_Work request_
If a line in the data holds the string "below", list it.

_Input material_

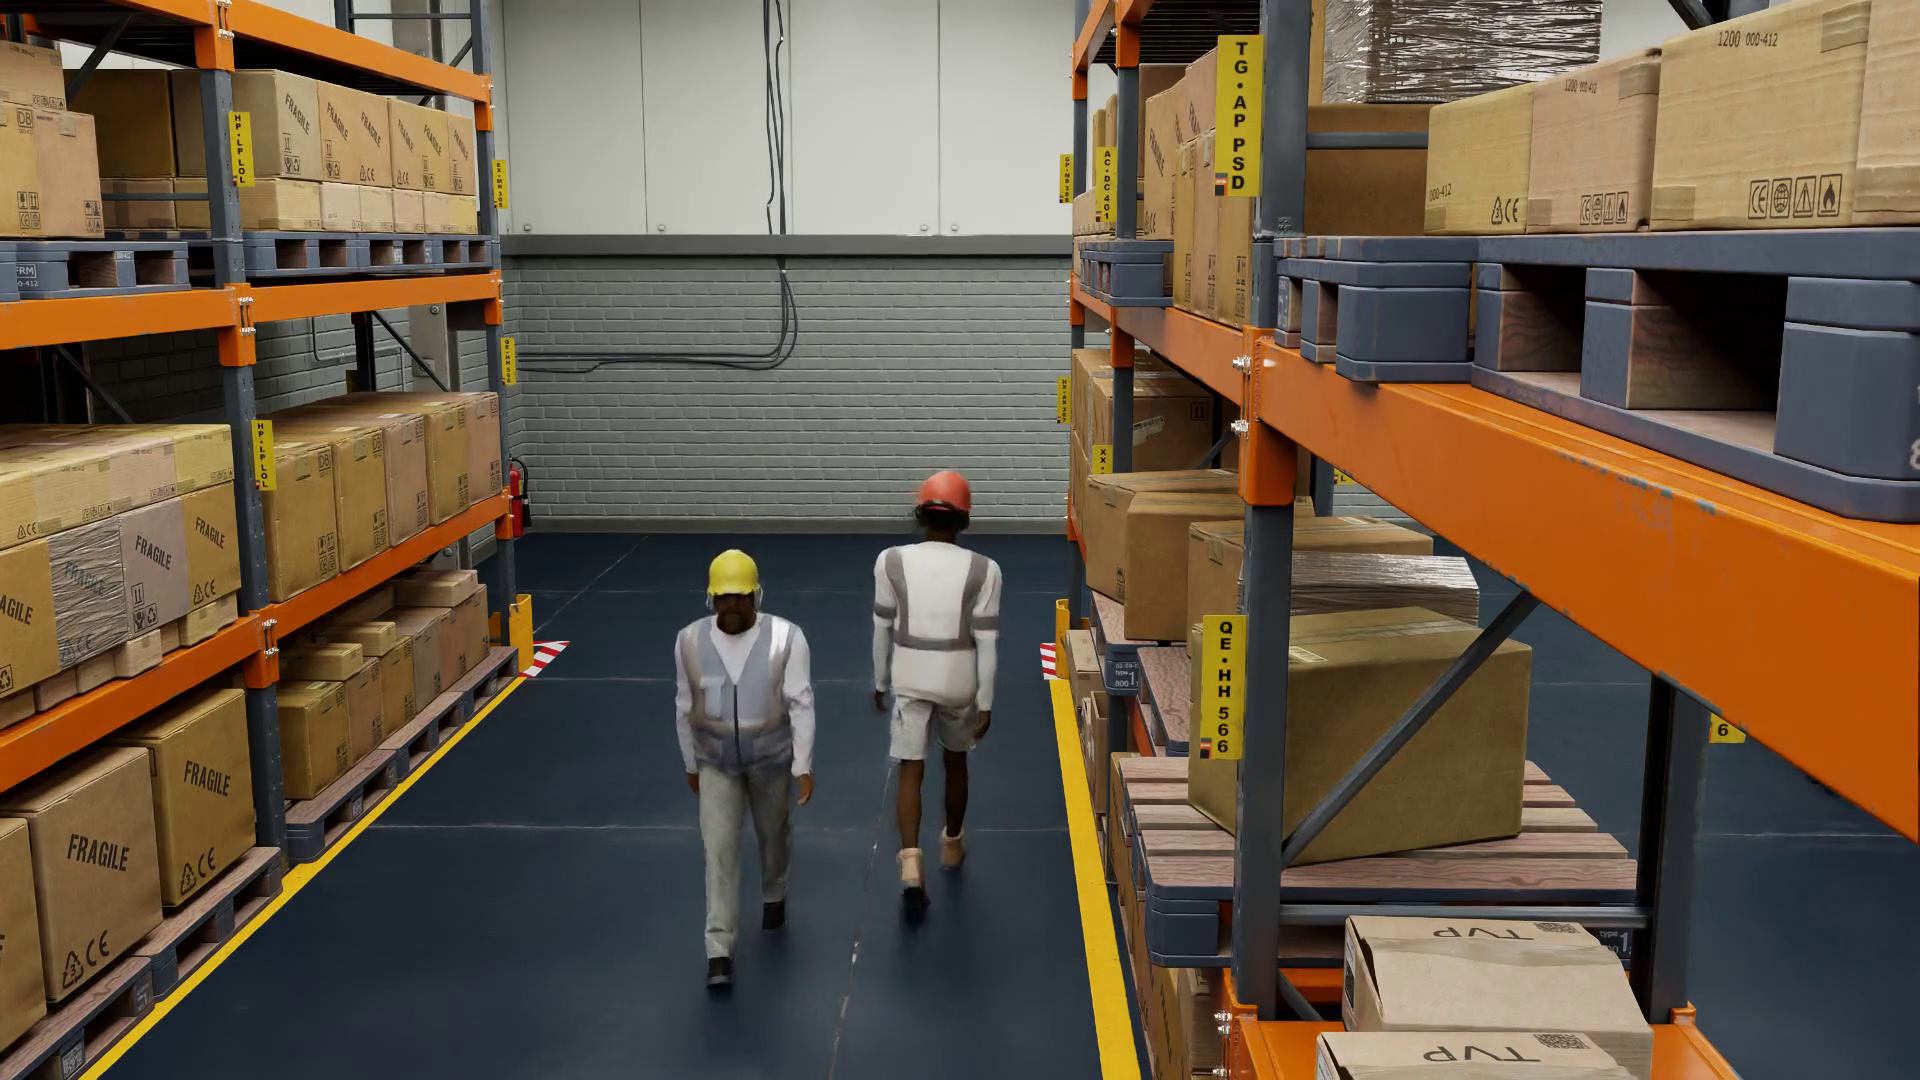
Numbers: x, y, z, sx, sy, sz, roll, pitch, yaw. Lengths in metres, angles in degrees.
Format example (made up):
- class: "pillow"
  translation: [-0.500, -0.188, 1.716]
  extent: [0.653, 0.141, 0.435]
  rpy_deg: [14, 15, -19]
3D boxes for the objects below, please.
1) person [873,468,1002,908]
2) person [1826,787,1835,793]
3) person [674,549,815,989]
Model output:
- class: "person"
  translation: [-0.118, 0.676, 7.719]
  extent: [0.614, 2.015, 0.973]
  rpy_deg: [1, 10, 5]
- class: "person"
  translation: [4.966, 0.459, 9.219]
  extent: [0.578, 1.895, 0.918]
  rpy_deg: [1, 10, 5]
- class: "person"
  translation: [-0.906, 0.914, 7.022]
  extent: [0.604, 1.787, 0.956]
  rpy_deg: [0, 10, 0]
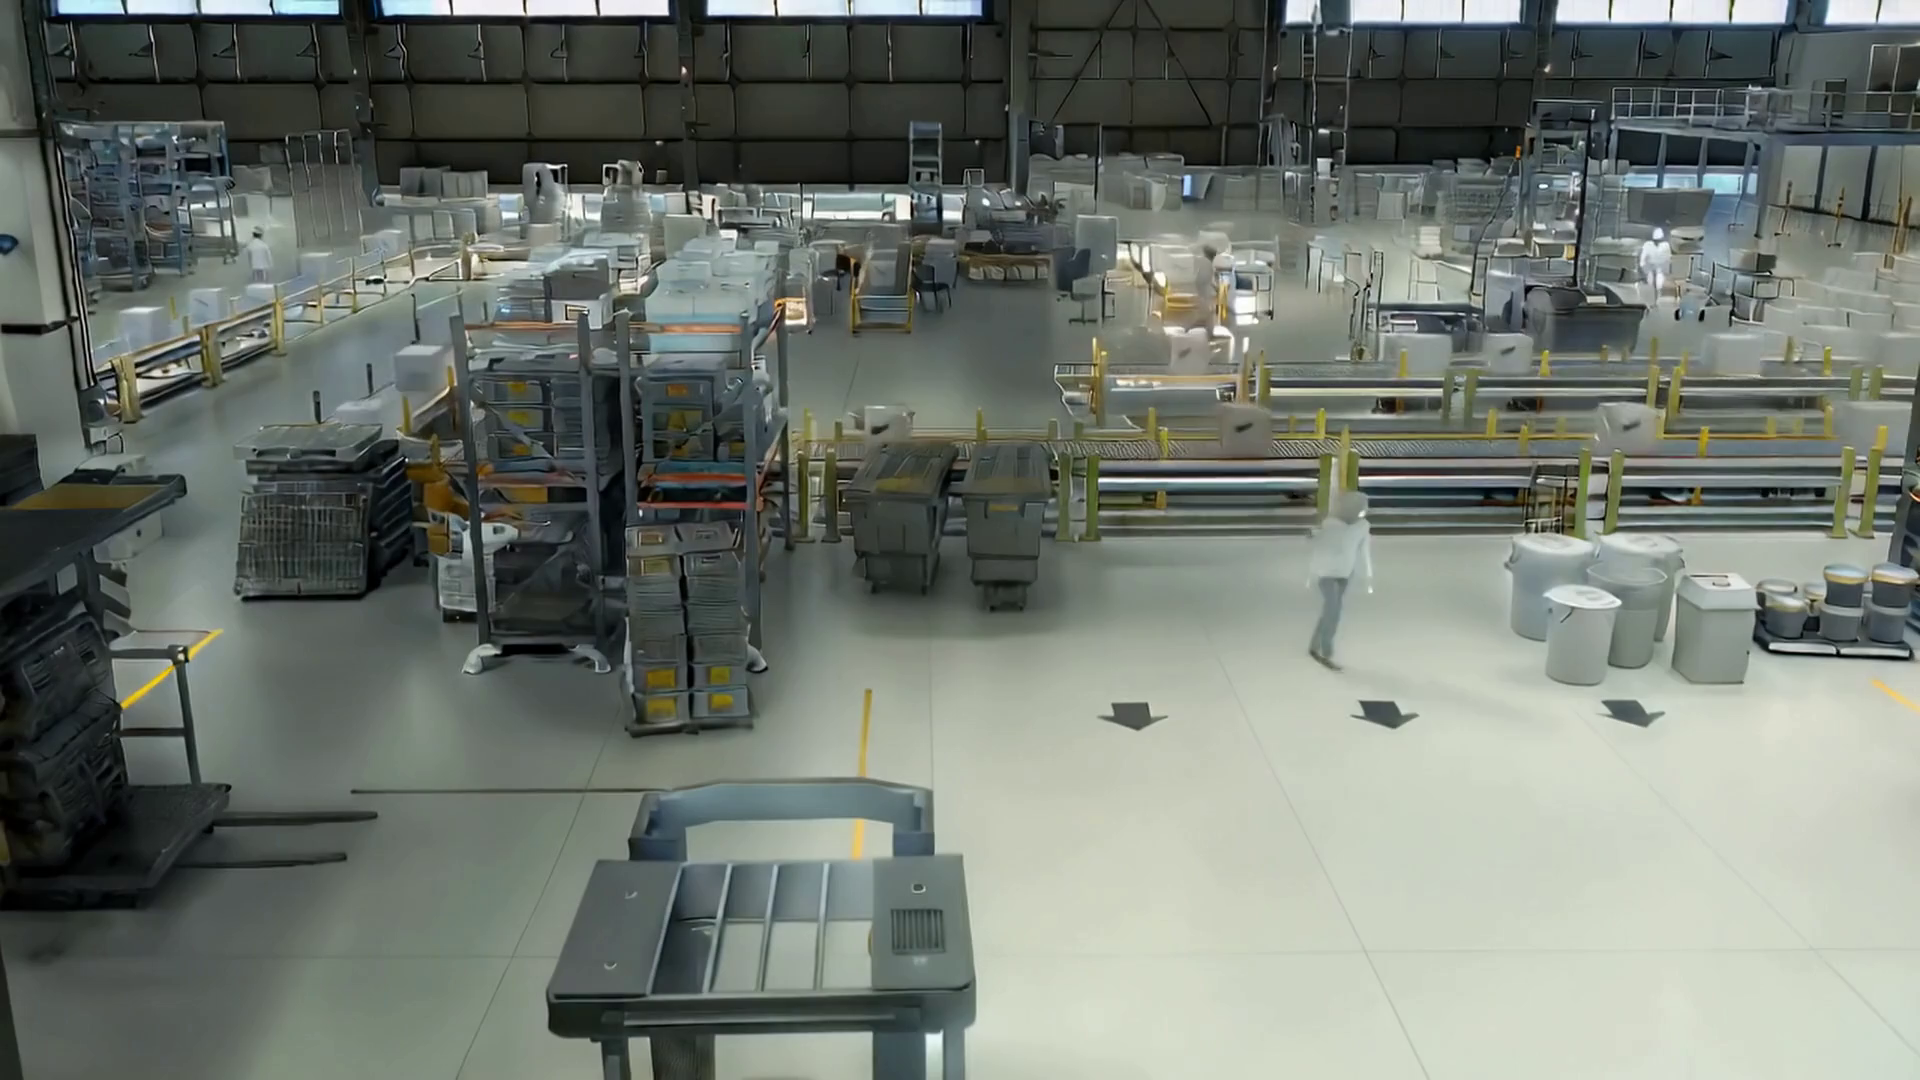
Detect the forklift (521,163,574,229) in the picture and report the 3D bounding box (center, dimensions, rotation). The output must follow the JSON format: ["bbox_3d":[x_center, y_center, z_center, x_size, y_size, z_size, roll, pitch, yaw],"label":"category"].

---

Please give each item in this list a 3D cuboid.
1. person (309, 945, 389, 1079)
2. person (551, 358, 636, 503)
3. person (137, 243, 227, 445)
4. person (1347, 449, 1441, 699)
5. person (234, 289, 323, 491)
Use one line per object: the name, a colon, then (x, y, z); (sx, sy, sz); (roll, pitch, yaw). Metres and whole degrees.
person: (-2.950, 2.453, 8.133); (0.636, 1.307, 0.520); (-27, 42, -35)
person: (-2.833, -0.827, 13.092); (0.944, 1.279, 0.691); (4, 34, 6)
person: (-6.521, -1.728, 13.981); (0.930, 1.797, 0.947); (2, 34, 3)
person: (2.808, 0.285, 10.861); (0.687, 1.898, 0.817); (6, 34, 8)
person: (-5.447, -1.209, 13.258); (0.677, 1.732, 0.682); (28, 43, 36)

...

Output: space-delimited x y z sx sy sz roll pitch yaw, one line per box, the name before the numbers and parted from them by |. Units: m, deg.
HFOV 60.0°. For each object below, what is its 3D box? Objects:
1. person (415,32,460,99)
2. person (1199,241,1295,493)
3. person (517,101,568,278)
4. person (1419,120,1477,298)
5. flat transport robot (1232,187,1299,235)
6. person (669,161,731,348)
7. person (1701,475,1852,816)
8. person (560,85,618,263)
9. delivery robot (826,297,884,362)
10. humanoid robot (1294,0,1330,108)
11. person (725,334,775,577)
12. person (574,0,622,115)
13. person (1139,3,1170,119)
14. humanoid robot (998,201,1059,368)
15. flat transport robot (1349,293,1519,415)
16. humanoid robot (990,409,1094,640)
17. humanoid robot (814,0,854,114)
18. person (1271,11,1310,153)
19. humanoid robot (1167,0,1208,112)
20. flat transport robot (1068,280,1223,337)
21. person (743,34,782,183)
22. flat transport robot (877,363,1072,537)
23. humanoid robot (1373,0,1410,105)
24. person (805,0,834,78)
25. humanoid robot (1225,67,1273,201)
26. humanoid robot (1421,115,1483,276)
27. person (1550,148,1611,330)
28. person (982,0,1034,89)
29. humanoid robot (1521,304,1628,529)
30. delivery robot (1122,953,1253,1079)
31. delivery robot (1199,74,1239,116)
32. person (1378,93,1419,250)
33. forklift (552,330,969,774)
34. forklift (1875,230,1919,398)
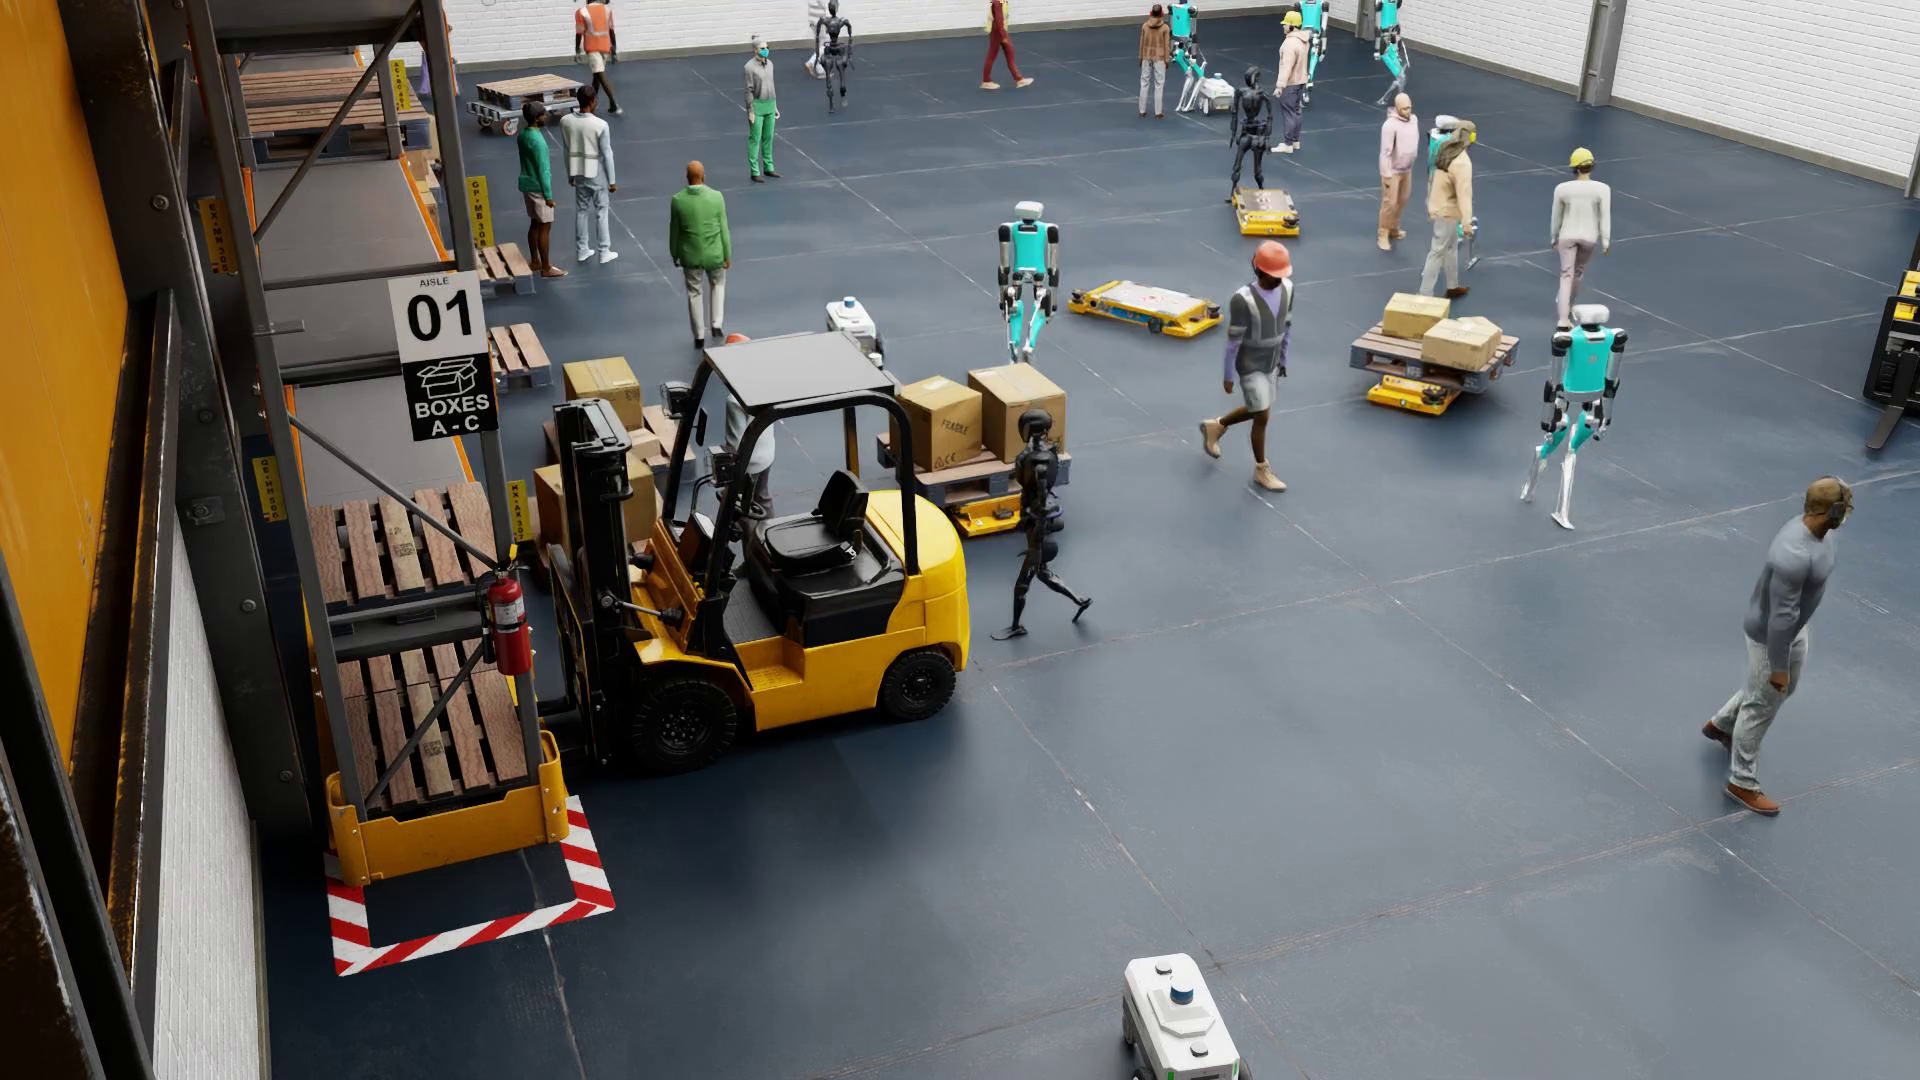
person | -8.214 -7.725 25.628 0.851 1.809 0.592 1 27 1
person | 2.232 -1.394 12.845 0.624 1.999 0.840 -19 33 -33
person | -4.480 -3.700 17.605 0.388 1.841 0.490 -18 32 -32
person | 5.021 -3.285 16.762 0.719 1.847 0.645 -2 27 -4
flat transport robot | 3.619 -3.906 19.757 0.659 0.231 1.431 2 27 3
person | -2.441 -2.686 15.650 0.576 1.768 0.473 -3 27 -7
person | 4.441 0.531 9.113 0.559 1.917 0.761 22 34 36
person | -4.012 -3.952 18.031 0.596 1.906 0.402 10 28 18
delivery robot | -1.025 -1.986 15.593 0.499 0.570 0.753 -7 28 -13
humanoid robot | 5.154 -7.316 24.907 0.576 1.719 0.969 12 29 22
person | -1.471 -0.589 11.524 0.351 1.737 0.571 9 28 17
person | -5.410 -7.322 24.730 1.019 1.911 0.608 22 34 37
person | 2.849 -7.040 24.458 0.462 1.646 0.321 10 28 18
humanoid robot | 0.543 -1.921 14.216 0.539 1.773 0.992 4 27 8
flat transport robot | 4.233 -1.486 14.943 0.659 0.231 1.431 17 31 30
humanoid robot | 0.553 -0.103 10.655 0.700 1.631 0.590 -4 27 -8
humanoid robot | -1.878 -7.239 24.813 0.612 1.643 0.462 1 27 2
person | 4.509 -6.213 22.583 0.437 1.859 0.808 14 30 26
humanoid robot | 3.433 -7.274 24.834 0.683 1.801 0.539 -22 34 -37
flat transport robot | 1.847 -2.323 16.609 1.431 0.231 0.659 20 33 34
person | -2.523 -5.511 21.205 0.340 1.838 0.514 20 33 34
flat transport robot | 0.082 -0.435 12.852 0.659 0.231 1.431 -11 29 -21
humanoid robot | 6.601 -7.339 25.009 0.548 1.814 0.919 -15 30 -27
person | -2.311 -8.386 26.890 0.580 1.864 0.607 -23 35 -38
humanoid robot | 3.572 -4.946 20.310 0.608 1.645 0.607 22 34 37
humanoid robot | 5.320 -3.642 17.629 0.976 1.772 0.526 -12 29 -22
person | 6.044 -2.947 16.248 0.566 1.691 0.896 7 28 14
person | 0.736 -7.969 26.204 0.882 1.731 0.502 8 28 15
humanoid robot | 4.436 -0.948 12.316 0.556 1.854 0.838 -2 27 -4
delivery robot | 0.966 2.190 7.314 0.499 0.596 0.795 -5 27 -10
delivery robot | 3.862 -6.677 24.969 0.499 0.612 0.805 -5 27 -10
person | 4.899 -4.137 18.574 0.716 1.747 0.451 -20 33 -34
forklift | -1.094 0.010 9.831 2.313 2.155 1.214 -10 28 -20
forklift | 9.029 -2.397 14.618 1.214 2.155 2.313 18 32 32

_Exercise solution_
3D boxes for the objects below, please.
HFOV 60.0°. For each object below, what is its 3D box? Objects:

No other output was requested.